**Work to complete**
Copy out the entries below exactly as they stand, but only from the line containing "33) sign (689,266,727,365)" through the line containing "46) cardboard box (1189,0,1203,28)".

Dataset excerpts:
::::
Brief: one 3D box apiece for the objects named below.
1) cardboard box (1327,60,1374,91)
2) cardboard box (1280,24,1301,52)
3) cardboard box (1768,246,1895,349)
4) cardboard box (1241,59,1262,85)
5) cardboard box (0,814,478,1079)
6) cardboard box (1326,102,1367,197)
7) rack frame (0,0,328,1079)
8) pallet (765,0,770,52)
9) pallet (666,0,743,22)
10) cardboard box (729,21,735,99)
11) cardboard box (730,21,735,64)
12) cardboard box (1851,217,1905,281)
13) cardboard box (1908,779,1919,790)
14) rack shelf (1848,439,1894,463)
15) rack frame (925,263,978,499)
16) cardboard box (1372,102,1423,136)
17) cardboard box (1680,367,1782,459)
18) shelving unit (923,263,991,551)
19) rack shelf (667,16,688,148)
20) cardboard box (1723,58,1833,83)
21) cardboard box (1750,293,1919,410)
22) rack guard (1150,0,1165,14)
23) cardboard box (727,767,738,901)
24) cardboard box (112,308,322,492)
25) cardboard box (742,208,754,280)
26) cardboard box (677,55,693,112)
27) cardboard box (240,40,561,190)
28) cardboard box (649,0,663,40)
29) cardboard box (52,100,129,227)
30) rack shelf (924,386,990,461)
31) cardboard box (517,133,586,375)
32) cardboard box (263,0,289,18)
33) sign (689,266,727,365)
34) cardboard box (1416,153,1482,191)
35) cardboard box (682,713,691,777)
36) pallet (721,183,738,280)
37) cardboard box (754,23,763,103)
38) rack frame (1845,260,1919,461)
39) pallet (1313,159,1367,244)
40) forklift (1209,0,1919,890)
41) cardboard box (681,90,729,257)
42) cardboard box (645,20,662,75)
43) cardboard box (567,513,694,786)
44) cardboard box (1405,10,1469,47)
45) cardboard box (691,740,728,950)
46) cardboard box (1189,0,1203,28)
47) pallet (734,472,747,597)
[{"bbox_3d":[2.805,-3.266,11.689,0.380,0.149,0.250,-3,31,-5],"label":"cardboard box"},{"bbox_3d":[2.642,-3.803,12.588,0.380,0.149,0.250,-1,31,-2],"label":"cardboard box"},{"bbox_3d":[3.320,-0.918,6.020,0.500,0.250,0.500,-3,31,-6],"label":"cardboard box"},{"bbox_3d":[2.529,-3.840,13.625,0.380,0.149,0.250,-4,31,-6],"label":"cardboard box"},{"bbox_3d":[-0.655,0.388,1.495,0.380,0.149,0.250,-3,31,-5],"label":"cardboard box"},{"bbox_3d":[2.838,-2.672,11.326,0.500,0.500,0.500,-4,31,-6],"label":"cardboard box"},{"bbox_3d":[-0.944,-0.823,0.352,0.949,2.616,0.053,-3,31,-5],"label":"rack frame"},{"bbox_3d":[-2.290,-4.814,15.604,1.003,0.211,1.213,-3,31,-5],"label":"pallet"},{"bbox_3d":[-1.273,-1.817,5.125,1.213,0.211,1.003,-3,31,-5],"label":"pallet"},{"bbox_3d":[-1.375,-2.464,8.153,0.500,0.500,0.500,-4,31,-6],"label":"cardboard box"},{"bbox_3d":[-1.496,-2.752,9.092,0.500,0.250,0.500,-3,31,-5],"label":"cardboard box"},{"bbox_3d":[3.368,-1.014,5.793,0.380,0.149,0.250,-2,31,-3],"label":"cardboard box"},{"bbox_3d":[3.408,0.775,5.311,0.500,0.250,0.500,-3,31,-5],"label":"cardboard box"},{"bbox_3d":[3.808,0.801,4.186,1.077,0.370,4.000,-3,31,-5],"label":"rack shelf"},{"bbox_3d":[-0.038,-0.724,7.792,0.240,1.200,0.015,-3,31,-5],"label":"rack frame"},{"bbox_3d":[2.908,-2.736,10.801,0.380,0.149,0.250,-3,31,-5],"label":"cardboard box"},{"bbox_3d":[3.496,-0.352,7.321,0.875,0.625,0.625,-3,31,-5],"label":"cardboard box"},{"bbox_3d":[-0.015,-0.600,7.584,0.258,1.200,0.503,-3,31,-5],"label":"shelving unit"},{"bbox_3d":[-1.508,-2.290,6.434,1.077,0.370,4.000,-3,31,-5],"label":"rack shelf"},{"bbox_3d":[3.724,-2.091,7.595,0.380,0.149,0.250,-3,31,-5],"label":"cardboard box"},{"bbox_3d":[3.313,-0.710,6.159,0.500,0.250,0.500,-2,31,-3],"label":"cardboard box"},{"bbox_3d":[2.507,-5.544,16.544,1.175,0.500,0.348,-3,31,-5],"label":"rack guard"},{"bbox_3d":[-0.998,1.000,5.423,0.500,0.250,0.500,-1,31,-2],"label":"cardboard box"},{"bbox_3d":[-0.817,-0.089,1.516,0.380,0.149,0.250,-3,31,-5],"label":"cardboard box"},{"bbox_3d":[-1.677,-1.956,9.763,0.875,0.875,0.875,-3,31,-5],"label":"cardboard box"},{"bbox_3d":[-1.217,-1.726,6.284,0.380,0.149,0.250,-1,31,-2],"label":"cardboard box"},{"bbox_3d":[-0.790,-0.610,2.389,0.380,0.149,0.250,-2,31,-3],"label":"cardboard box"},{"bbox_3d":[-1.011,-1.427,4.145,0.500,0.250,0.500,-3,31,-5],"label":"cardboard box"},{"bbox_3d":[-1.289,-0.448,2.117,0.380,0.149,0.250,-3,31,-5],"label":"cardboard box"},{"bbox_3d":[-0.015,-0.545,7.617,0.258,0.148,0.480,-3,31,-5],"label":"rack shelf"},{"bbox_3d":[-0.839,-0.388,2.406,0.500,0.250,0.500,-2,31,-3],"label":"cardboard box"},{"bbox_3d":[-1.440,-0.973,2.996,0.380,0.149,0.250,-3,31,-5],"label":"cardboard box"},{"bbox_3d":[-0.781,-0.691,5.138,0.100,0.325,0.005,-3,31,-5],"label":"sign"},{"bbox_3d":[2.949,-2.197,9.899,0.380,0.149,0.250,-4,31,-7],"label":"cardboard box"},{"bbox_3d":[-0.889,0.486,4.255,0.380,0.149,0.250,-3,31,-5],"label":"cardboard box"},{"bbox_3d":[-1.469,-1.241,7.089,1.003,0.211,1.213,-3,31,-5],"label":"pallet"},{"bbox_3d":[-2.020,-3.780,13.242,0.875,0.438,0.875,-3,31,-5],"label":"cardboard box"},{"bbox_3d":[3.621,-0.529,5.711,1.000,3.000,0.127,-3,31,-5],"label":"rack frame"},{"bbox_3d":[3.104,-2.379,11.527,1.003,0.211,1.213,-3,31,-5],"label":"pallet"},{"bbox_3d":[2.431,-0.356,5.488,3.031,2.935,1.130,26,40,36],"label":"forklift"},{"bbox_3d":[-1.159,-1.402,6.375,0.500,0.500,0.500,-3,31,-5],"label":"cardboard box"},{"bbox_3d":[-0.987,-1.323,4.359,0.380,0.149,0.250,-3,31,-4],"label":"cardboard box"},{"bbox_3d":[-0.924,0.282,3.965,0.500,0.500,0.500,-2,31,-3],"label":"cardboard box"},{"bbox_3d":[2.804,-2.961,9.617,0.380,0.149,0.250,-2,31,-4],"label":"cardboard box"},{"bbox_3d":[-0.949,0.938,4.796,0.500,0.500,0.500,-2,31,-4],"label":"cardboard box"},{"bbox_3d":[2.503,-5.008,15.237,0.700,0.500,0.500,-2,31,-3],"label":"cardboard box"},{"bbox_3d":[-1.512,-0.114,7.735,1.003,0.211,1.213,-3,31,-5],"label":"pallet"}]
::::
**Solution for this task**
33) sign (689,266,727,365)
34) cardboard box (1416,153,1482,191)
35) cardboard box (682,713,691,777)
36) pallet (721,183,738,280)
37) cardboard box (754,23,763,103)
38) rack frame (1845,260,1919,461)
39) pallet (1313,159,1367,244)
40) forklift (1209,0,1919,890)
41) cardboard box (681,90,729,257)
42) cardboard box (645,20,662,75)
43) cardboard box (567,513,694,786)
44) cardboard box (1405,10,1469,47)
45) cardboard box (691,740,728,950)
46) cardboard box (1189,0,1203,28)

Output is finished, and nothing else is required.